Once you have checked each line below for the word "quot", give the number of lines that have it and nothing further.

[[ Task data open ]]

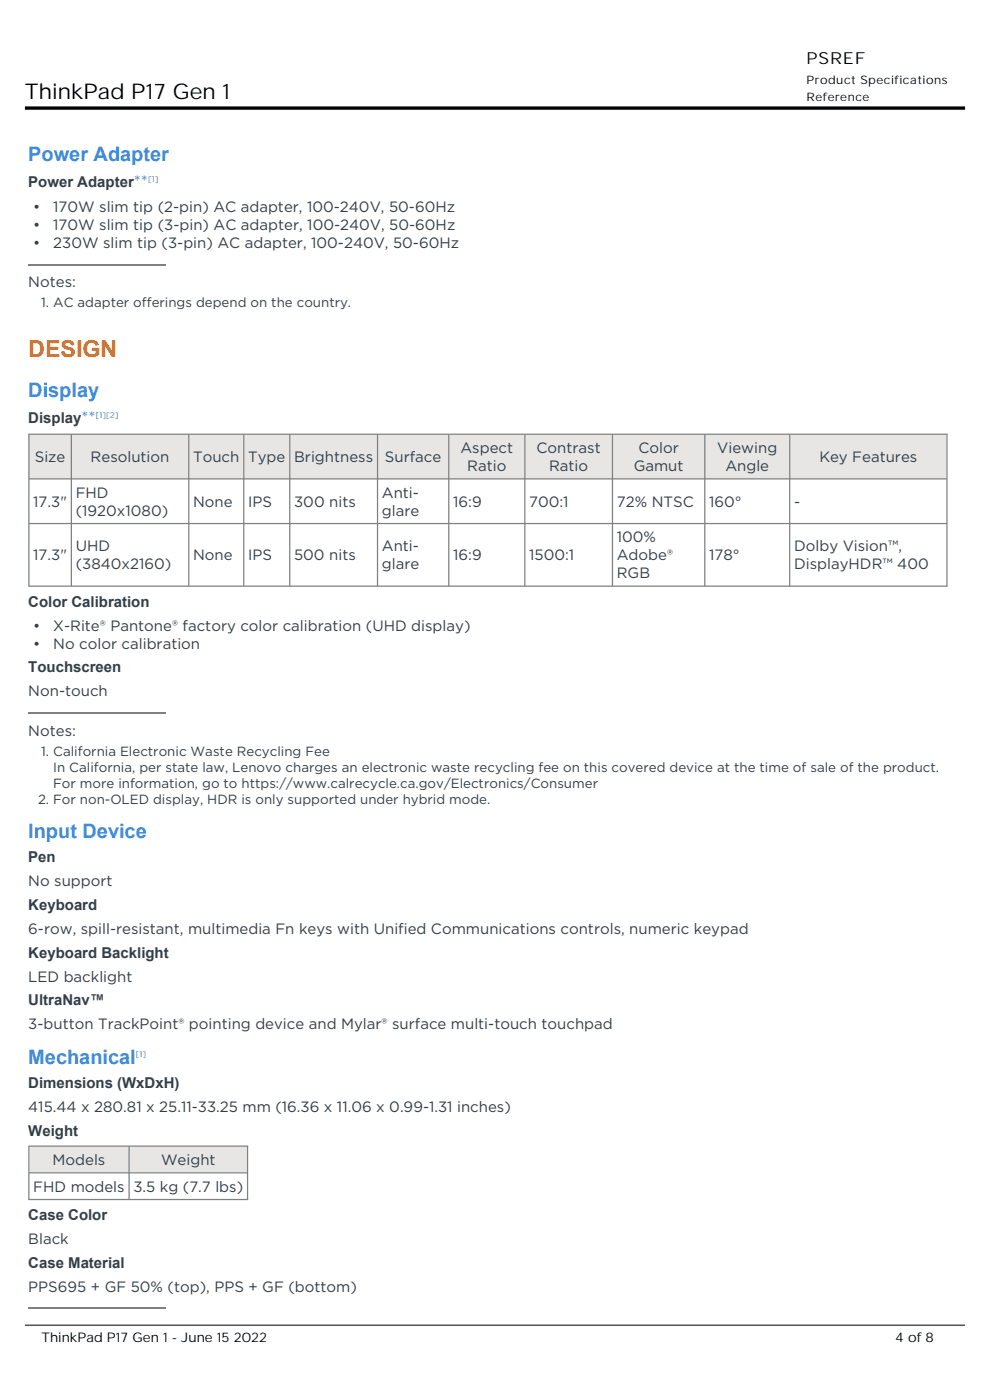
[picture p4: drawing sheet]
<svg xmlns="http://www.w3.org/2000/svg" width="210mm" height="297mm" viewBox="0 0 210 297" stroke-linecap="round" stroke-linejoin="round" font-family="sans-serif">
<defs><g id="words">
<text font-size="4.9" fill="#ff6a00" x="6" y="75.7">DESIGN</text>
<text font-size="4.6" x="5.3" y="21.1">ThinkPad P17 Gen 1</text>
<g font-size="4.2" fill="#3e8ddd">
<text x="6" y="34.1">Power Adapter</text>
<text x="6" y="84.1">Display</text>
<text x="6" y="177.7">Input Device</text>
<text x="6" y="225.6">Mechanical</text>
</g>
<text font-size="3.5" x="171.1" y="13.6">PSREF</text>
<g font-size="3.2" fill="#333f48">
<text x="6" y="39.7">Power Adapter**</text>
<text x="7" y="45">•</text>
<text x="11.3" y="45">170W slim tip (2-pin) AC adapter, 100-240V, 50-60Hz</text>
<text x="7" y="48.8">•</text>
<text x="7" y="52.6">•</text>
<text x="11.3" y="48.8">170W slim tip (3-pin) AC adapter, 100-240V, 50-60Hz</text>
<text x="11.3" y="52.6">230W slim tip (3-pin) AC adapter, 100-240V, 50-60Hz</text>
<text x="6" y="60.9">Notes:</text>
<text x="6" y="89.8">Display**</text>
<text x="7.4" y="98">Size</text>
<text x="19.2" y="98">Resolution</text>
<text x="41" y="98">Touch</text>
<text x="52.6" y="98">Type</text>
<text x="62.4" y="98">Brightness</text>
<text x="81.7" y="98">Surface</text>
<text x="97.7" y="96.1">Aspect</text>
<text x="99.1" y="99.9">Ratio</text>
<text x="113.8" y="96.1">Contrast</text>
<text x="116.5" y="99.9">Ratio</text>
<text x="134.4" y="99.9">Gamut</text>
<text x="135.4" y="96.1">Color</text>
<text x="152.1" y="96.1">Viewing</text>
<text x="153.9" y="99.9">Angle</text>
<text x="173.8" y="98">Key Features</text>
<text x="7.1" y="107.5">17.3&quot;</text>
<text x="16.1" y="105.6">FHD</text>
<text x="41" y="107.5">None</text>
<text x="52.6" y="107.5">IPS</text>
<text x="62.4" y="107.5">300 nits</text>
<text x="81" y="105.6">Anti-</text>
<text x="96.1" y="107.5">16:9</text>
<text x="112.3" y="107.5">700:1</text>
<text x="130.8" y="107.5">72% NTSC</text>
<text x="150.4" y="107.5">160°</text>
<text x="168.4" y="107.5">-</text>
<text x="16.1" y="109.4">(1920x1080)</text>
<text x="81" y="109.4">glare</text>
<text x="7.1" y="118.8">17.3&quot;</text>
<text x="16.1" y="116.9">UHD</text>
<text x="41" y="118.8">None</text>
<text x="52.6" y="118.8">IPS</text>
<text x="62.4" y="118.8">500 nits</text>
<text x="81" y="116.9">Anti-</text>
<text x="96.1" y="118.8">16:9</text>
<text x="112.3" y="118.8">1500:1</text>
<text x="130.8" y="115">100%</text>
<text x="130.8" y="118.8">Adobe®</text>
<text x="150.4" y="118.8">178°</text>
<text x="168.4" y="116.9">Dolby Vision™,</text>
<text x="16.1" y="120.8">(3840x2160)</text>
<text x="81" y="120.8">glare</text>
<text x="130.8" y="122.7">RGB</text>
<text x="168.4" y="120.8">DisplayHDR™ 400</text>
<text x="6" y="128.7">Color Calibration</text>
<text x="7" y="133.8">•</text>
<text x="7" y="137.6">•</text>
<text x="11.3" y="133.8">X-Rite® Pantone® factory color calibration (UHD display)</text>
<text x="11.3" y="137.6">No color calibration</text>
<text x="6" y="142.6">Touchscreen</text>
<text x="6" y="147.7">Non-touch</text>
<text x="6" y="156">Notes:</text>
<text x="6" y="182.9">Pen</text>
<text x="6" y="188">No support</text>
<text x="6" y="193">Keyboard</text>
<text x="6" y="198.1">6-row, spill-resistant, multimedia Fn keys with Unified Communications controls, numeric keypad</text>
<text x="6" y="203.1">Keyboard Backlight</text>
<text x="6" y="208.2">LED backlight</text>
<text x="6" y="213.2">UltraNav™</text>
<text x="6" y="218.3">3-button TrackPoint® pointing device and Mylar® surface multi-touch touchpad</text>
<text x="6" y="230.9">Dimensions (WxDxH)</text>
<text x="6" y="236">415.44 x 280.81 x 25.11-33.25 mm (16.36 x 11.06 x 0.99-1.31 inches)</text>
<text x="6" y="241">Weight</text>
<text x="11.2" y="247.1">Models</text>
<text x="34.2" y="247.1">Weight</text>
<text x="7.1" y="252.8">FHD models</text>
<text x="28.3" y="252.8">3.5 kg (7.7 lbs)</text>
<text x="6" y="258.9">Case Color</text>
<text x="6" y="263.9">Black</text>
<text x="6" y="269">Case Material</text>
<text x="6" y="274.1">PPS695 + GF 50% (top), PPS + GF (bottom)</text>
</g>
<g font-size="2.8" fill="#333f48">
<text x="8.7" y="65.2">1. AC adapter offerings depend on the country.</text>
<text x="8.7" y="160.3">1. California Electronic Waste Recycling Fee</text>
<text x="11.3" y="163.7">In California, per state law, Lenovo charges an electronic waste recycling fee on this covered device at the time of sale of the product.</text>
<text x="11.3" y="167.1">For more information, go to https://www.calrecycle.ca.gov/Electronics/Consumer</text>
<text x="8.1" y="170.5">2. For non-OLED display, HDR is only supported under hybrid mode.</text>
</g>
<g font-size="2.8">
<text x="8.8" y="284.7">ThinkPad P17 Gen 1 - June 15 2022</text>
<text x="189.9" y="284.7">4 of 8</text>
</g>
<g font-size="2.5">
<text x="171.1" y="17.8">Product Specifications</text>
<text x="171.1" y="21.4">Reference</text>
</g>
<g font-size="1.8" fill="#3e8ddd">
<text x="31.4" y="38.7">[1]</text>
<text x="20.3" y="88.8">[1][2]</text>
<text x="28.8" y="224.2">[1]</text>
</g>
</g></defs>
<path d="M6 56.1h29.2" fill="none" stroke="#808080" stroke-width=".26"/>
<g fill="#e8e5e5">
<path d="M6.3 92.3h8.7v9.2h-8.7z"/>
<path d="M15.3 92.3h24.6v9.2h-24.6z"/>
<path d="M40.2 92.3h11.4v9.2h-11.4z"/>
<path d="M51.8 92.3h9.5v9.2h-9.5z"/>
<path d="M61.6 92.3h18.3v9.2h-18.3z"/>
<path d="M80.2 92.3h14.9v9.2h-14.9z"/>
<path d="M95.3 92.3h15.9v9.2h-15.9z"/>
<path d="M111.5 92.3h18.3v9.2h-18.3z"/>
<path d="M130 92.3h19.4v9.2h-19.4z"/>
<path d="M149.6 92.3h17.8v9.2h-17.8z"/>
<path d="M167.7 92.3h33v9.2h-33z"/>
</g>
<g fill="none" stroke="#808080" stroke-width=".26">
<path d="M6 92.1h195M6.1 92.1v32.2M15.1 92.1v32.2M40 92.1v32.2M51.7 92.1v32.2M61.5 92.1v32.2M80.1 92.1v32.2M95.2 92.1v32.2M111.3 92.1v32.2M129.9 92.1v32.2M149.5 92.1v32.2M167.5 92.1v32.2"/>
<path d="M200.9 92.1v32.2M6.1 101.6h194.8M6.1 111.1h194.8M6 124.3h195M6 151.3h29.2"/>
</g>
<g fill="#e8e5e5">
<path d="M6.3 243.3h21v5.4h-21z"/>
<path d="M27.5 243.3h24.9v5.4h-24.9z"/>
</g>
<path d="M6 243.1h46.6M6 254.5h46.6M6.1 248.8h46.4M6.1 243.1v11.4M27.4 243.1v11.4M52.5 243.1v11.4M6 277.5h29.2" fill="none" stroke="#808080" stroke-width=".26"/>
<path d="M5.3 22.9h199.4" fill="none" stroke="#000" stroke-width=".71" stroke-linecap="butt"/>
<path d="M5.3 281.1h199.4" fill="none" stroke="#000" stroke-width=".21"/>
<use href="#words"/>
</svg>

[[ Task data closed ]]

*Your response*
2